Please give the whole listing again exactly, without any of its pictures.

[MATERIAL FOR THIS EXERCISE]

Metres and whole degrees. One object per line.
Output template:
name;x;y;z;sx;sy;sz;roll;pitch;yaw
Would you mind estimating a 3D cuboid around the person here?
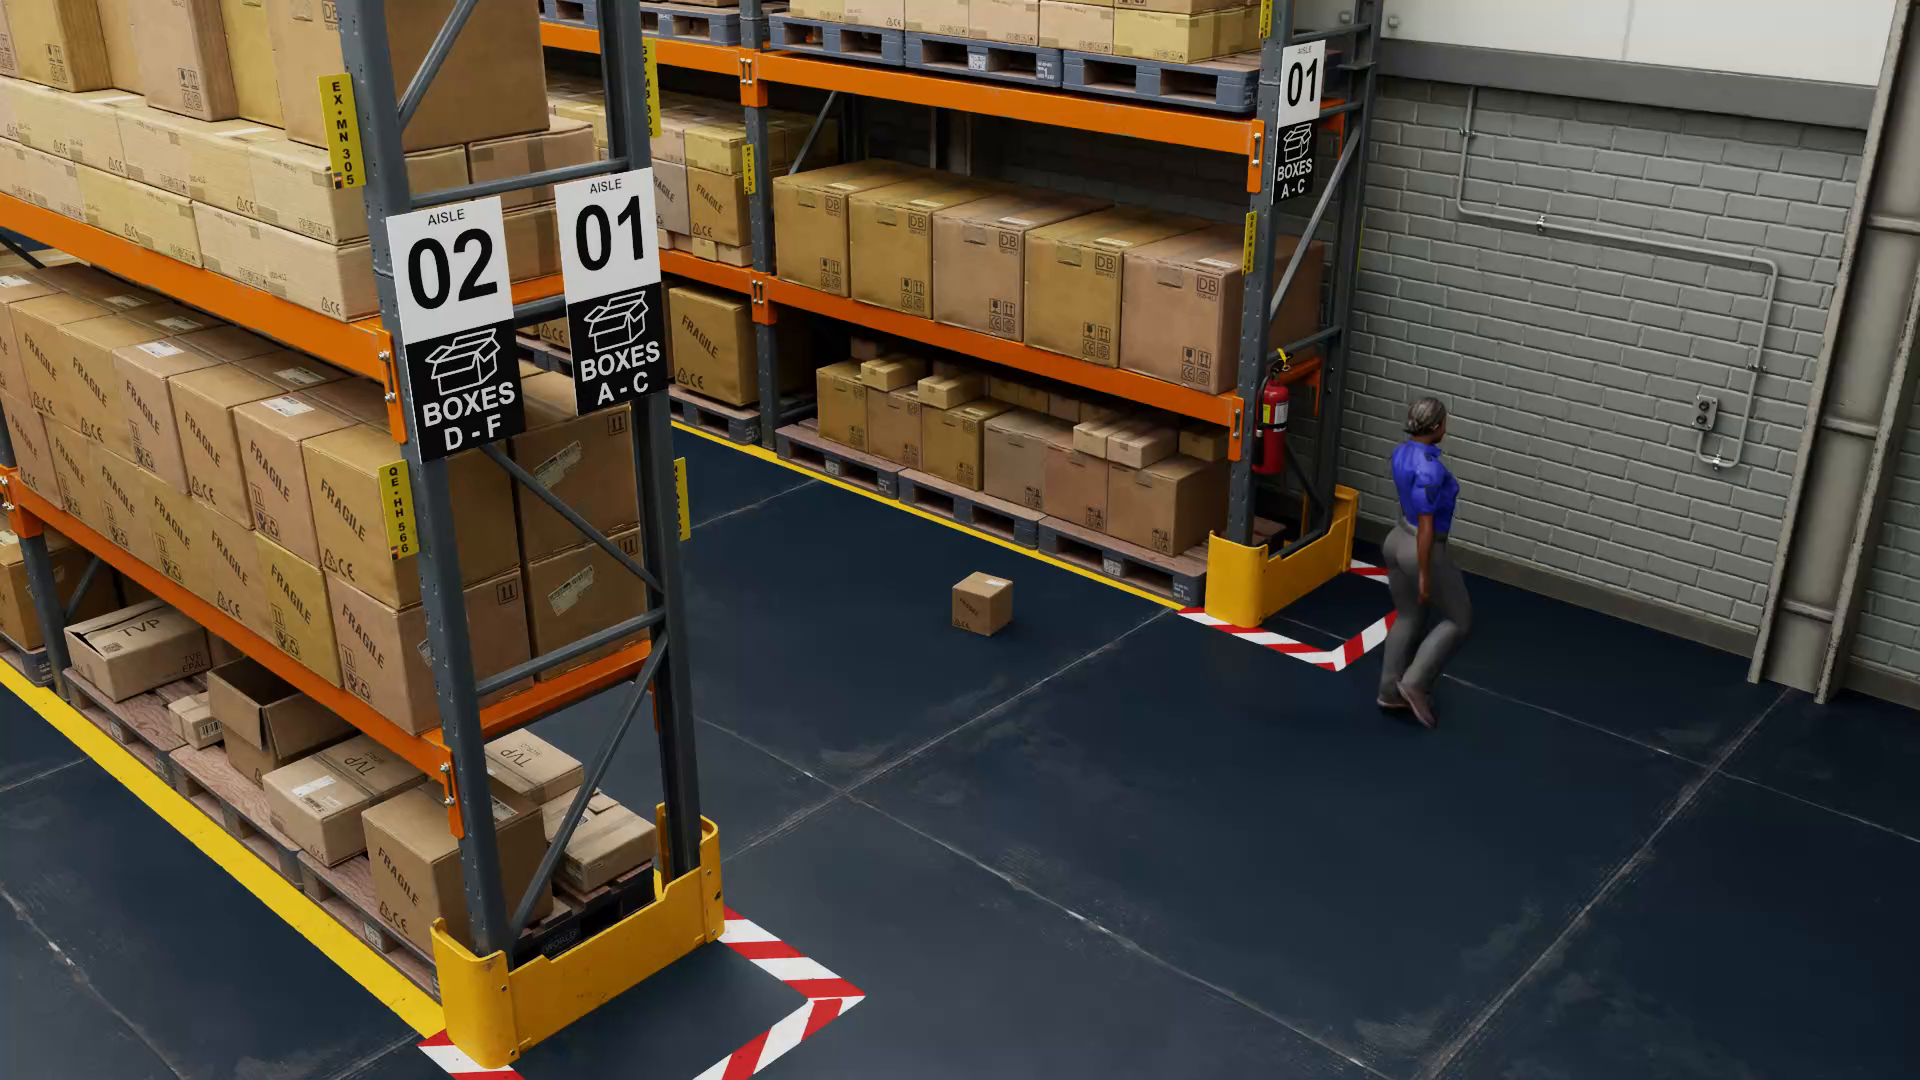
person;2.363;0.102;8.370;0.421;1.674;0.552;-4;24;-9

[/MATERIAL FOR THIS EXERCISE]

» ANSWER TO THIS TASK:
Metres and whole degrees. One object per line.
Output template:
name;x;y;z;sx;sy;sz;roll;pitch;yaw
Would you mind estimating a 3D cuboid around the person here?
person;2.363;0.102;8.370;0.421;1.674;0.552;-4;24;-9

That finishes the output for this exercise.